Introduction
The last of the three main branch of Buddhism, Vajrayana, developed around 500 BCE out of Mahayana teachings from northwest India. Vajrayana means in Sanskrit "Diamond, Unsplittable Vehicle." to highlight its supreme efficacy in bringing enlightenment. In English it is also known as Tantric Buddhism or Esoteric Buddhism, due to its reliance on sacred texts called Tantras. From India it spread to Tibet (6th century),China (7th century) and Japan (9th century).
Today the teachings of the Vajrayana school are practiced mostly in Tibet, although some schools in Japan still retain many facets of Vajrayana Buddhism.
Main doctrinal traditions: Vajrayana Buddhism
The main claim that characterizes Vajrayana Buddhism is the following: enlightenment arises from the realization that seemingly opposite principles are in reality one. The Truth, personified by a primordial Supramundane Buddha (whose name changes depending on the various tradition), reveals himself in every phenomena, including the bodily existence, so that the mundane world is no more seen as the source of just cravings and sufferings, but also as the medium to liberation. While Mahayana and Theravada teach to reject and deny fears, passions and bodily sensations, Vajrayana teaches to accept them as as the purest manifestation of the Absolute in the Relative, and to use them in order to attain liberation. One example of this attitude is the image of Fudo Myoo (see below). This explains why Vajrayana Buddhism lays great emphasis on colorful rituals that imply an active use of the body, voice and senses, and employs a complex pantheon of deities that symbolize the various aspects in which the Truth reveal itself in this world.
Sacred texts and other main texts: Tantras
Tantras are texts composed around the 5h and 10th cen. CE. They are rather obscure texts, dealing mainly with ritual prescriptions and practices of meditation. The contents of these texts is considered esoteric, that is, only through the mediation of a master a practitioner can understand the symbolism implied within.
Sources' analysis and comment
Source 1
The symbolism of union and sexual polarity is a central teaching in
Vajrayana Buddhism, as it expresses the functional unity of Absolute and Relative. In the traditional interpretations the female figure symbolizes
Wisdom, the knowledge of the real nature of things that brings to enlightenment, while the male figure symbolizes the
Compassion, the will of saving all beings still trapped in the cycle of rebirth. This union of passive
Wisdom and active
Compassion means that the real knowledge that bring to liberation (
Wisdom) must be searched inside the mundane world (
Compassion). Moreover, this sexual symbolism expresses also the positive valorization of the bodily experience in the quest of liberation.
Note: Differently from what nowadays pop culture claims, the sexual symbolism is usually understood as a metaphor to teach that even in the most strong forms of desire (like the sexual desire) there is potential for liberation from desire itself. The use of real sexual practices in Buddhism did exist, but was strongly regulated and extremely rare
Source 2
Fudo Myoo is standing on rock (Fudo means in Japanese "immovable", as a rock) with a furious, frightening face; carries a sword in right hand (representing Wisdom cutting through ignorance) and holds a rope in left hand (to catch and bind up demons of desires). It is conceived as particular emanation of the primordial Supramundane Buddha called in Japanese Dainichi. Fudo express the conversion of anger into liberation, and the flames behind him symbolizes the fire of wrath, energy that can be used to burn away all material desires. That's why he differs so much from traditional, irenic, subjects of Buddhist art.

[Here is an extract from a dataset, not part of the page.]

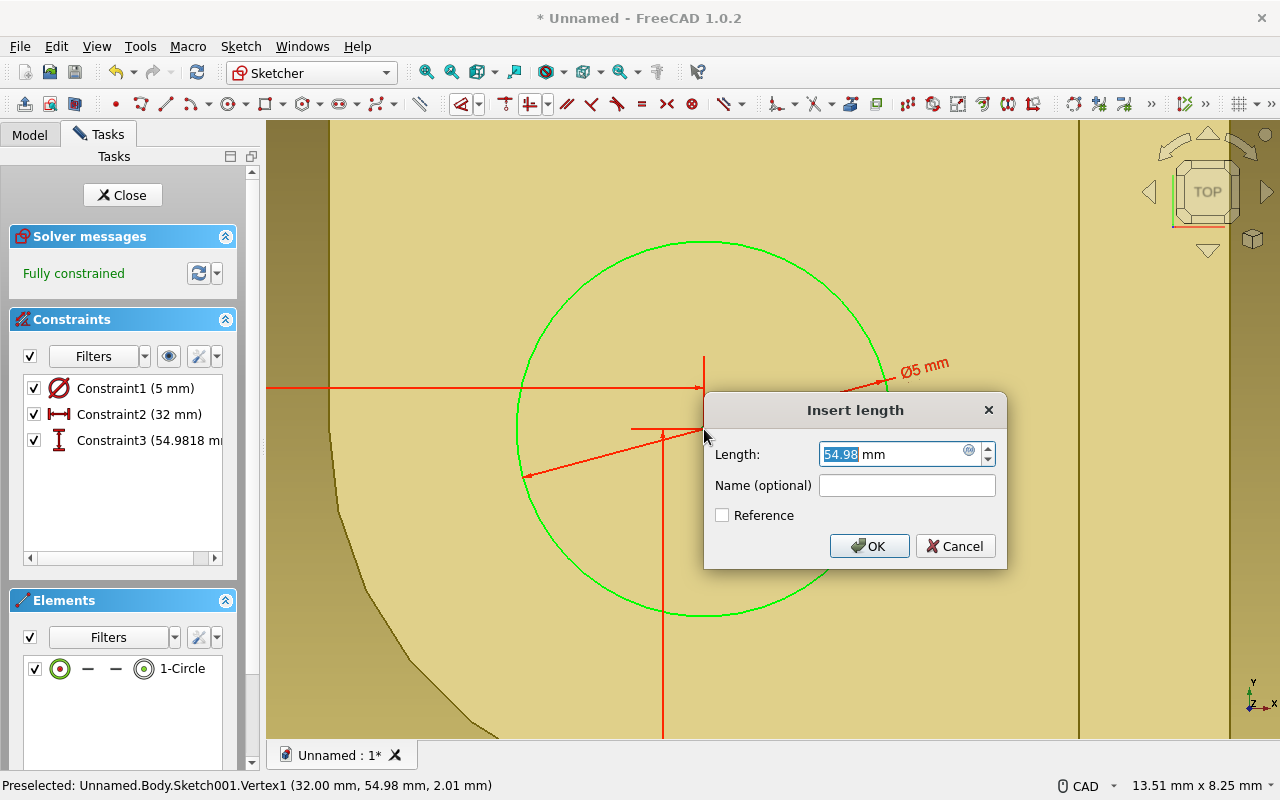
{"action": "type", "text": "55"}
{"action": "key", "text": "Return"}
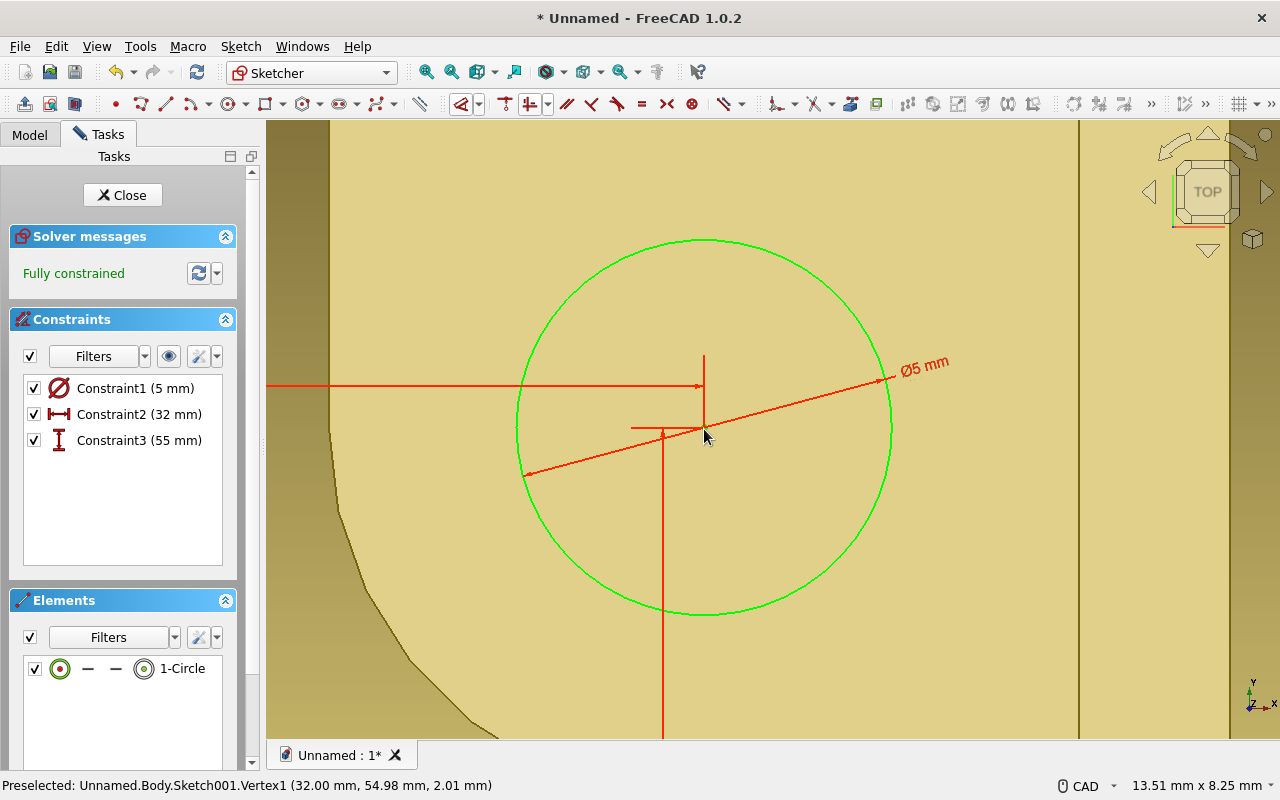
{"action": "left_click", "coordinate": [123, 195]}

intercultural and interdisciplinary information
1) Tantrism is the name given by scholars to a style of meditation and ritual which arose in India no later than the 5th century CE. It is a inter-sectary religious phenomena so pervasive that virtually any religious traditions in India, Buddhism included, have its Tantric version.
While Hindu Tantrism remained confined in India, Buddhist Tantrism, thanks to the strong proselytism of Buddhism, spread in East Asia a reached also Japan.
2) The famous Dalai Lama is often confused as the leader of all the Buddhist traditions in the world. But he is not. He is the leader of a specific school of Tibetan Vajrayana Buddhism.